There is no built-in way to track inventory completion. The inventory generation pipeline can take up to 24 hours, and the built-in feature does not provide a good way to track progress. This limitation becomes more severe in a multi-account environment.

AWS Wishlist

If S3 inventory included user-defined metadata, then it would have allowed us to repurpose a platform like S3Insights to analyze it. This feature request would shorten the hierarchical methodology to two steps and enable us to analyze user-provided metadata at scale without requiring explicit S3 API calls.

Call for action

To get started, follow the docs in the GitHub repo to install S3Insights in your AWS environment. The repository also contains more technical details about the platform. A practical approach would be to focus on inventory insight scenarios in the short term, such as discovering database dumps, validating assumptions, etc. This way, you can deliver security value just by using the platform itself.

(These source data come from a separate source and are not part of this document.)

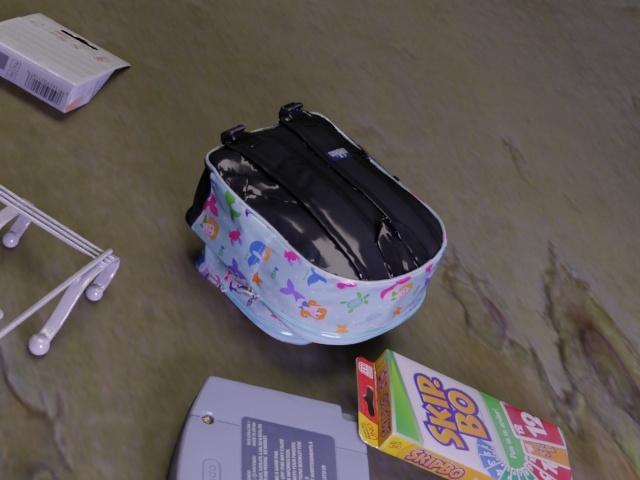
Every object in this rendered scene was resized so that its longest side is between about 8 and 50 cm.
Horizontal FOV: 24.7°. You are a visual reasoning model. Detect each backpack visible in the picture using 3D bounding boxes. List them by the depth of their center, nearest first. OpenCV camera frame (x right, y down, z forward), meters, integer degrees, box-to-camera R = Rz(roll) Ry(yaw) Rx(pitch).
[{"bbox_3d":[0.000,0.000,1.589,0.253,0.191,0.225,37,40,26],"label":"backpack"}]

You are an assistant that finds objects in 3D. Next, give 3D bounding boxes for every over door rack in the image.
[{"bbox_3d":[-0.359,0.018,1.398,0.239,0.108,0.324,31,16,6],"label":"over door rack"}]

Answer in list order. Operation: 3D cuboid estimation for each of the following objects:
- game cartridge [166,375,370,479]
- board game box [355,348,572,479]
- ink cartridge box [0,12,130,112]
[{"bbox_3d":[-0.047,0.259,1.363,0.198,0.062,0.297,12,39,-12],"label":"game cartridge"},{"bbox_3d":[0.152,0.203,1.528,0.259,0.039,0.124,23,35,-19],"label":"board game box"},{"bbox_3d":[-0.334,-0.223,1.806,0.145,0.045,0.179,30,18,6],"label":"ink cartridge box"}]
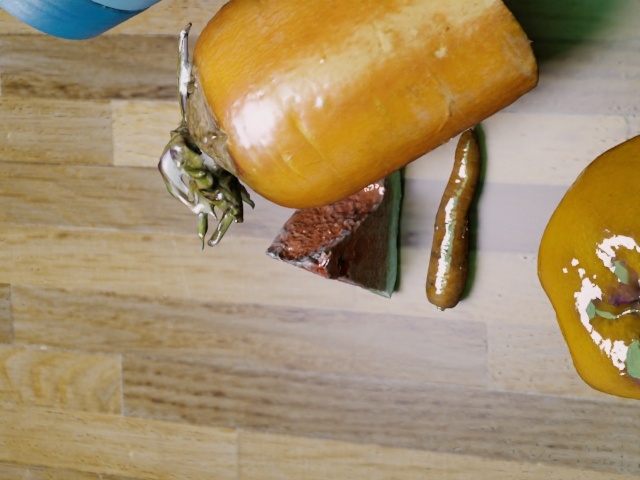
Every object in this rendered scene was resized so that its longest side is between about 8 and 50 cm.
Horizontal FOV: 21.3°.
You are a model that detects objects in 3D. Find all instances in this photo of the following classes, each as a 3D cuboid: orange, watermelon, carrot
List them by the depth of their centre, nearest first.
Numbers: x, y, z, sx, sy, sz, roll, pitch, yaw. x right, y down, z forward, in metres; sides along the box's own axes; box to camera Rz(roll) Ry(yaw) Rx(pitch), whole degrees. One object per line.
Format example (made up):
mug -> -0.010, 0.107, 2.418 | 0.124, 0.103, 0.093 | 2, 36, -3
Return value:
orange -> 0.288, 0.028, 1.333 | 0.249, 0.183, 0.249 | 5, 104, 23
carrot -> -0.001, -0.136, 1.412 | 0.331, 0.214, 0.193 | -32, 129, 11
carrot -> 0.117, -0.018, 1.483 | 0.036, 0.036, 0.165 | 11, 102, 22
watermelon -> 0.007, 0.013, 1.490 | 0.098, 0.158, 0.121 | 5, 129, 23

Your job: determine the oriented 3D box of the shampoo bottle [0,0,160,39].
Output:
shampoo bottle -> -0.131, -0.383, 1.360 | 0.343, 0.331, 0.331 | -26, 89, 24
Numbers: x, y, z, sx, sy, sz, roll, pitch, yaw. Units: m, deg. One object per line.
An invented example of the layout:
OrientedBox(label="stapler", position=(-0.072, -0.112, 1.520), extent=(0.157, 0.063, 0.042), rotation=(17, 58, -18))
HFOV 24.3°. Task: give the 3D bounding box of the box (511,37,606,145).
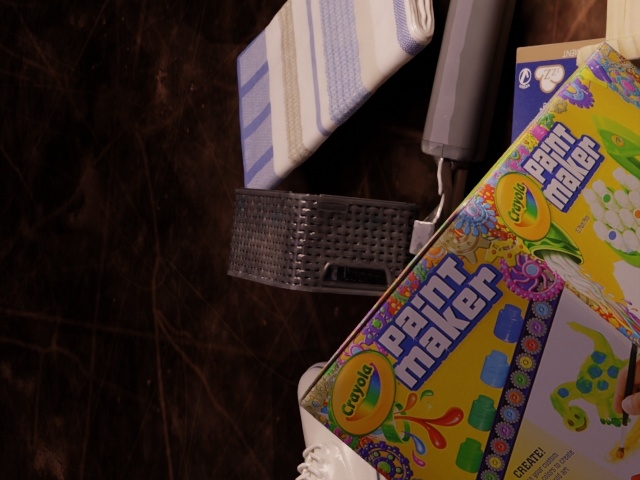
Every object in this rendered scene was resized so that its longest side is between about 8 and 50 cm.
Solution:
OrientedBox(label="box", position=(0.208, -0.045, 1.173), extent=(0.136, 0.036, 0.225), rotation=(1, 89, 52))

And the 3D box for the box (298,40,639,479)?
OrientedBox(label="box", position=(0.191, 0.066, 0.894), extent=(0.279, 0.290, 0.177), rotation=(41, 125, 4))

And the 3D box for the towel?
OrientedBox(label="towel", position=(0.008, -0.182, 1.401), extent=(0.285, 0.034, 0.209), rotation=(-43, 39, 40))

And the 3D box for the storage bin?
OrientedBox(label="storage bin", position=(0.000, 0.000, 1.330), extent=(0.180, 0.122, 0.084), rotation=(-173, 88, -68))

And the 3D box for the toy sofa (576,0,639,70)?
OrientedBox(label="toy sofa", position=(0.290, -0.285, 1.003), extent=(0.177, 0.150, 0.362), rotation=(-1, 86, 53))

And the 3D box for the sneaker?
OrientedBox(label="sneaker", position=(0.015, 0.230, 1.339), extent=(0.094, 0.091, 0.258), rotation=(-38, 58, 43))

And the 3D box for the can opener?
OrientedBox(label="can opener", position=(0.139, -0.086, 1.254), extent=(0.095, 0.076, 0.283), rotation=(13, 98, 19))

In the long term, you should consider leveraging S3Insights to drive other S3 related initiatives such as water-marking sensitive S3 objects.

Future Directions

Machine Learning

My current focus has been on building Presto SQL analysis queries. I have not looked at leveraging Machine Learning for the consolidated inventory data. S3 Inventory supports AWS EMR, Apache Spark, and GCP Big Query. There might be opportunities to build interesting machine learning models on top of this data.

Visualization

I have not explored this area in detail other than building a couple of basic AWS QuickSight dashboards using AWS Athena as described in the GitHub documentation. We might be able to create other interesting dashboards using AWS QuickSight, GCP Data Studio, and other visualization solutions.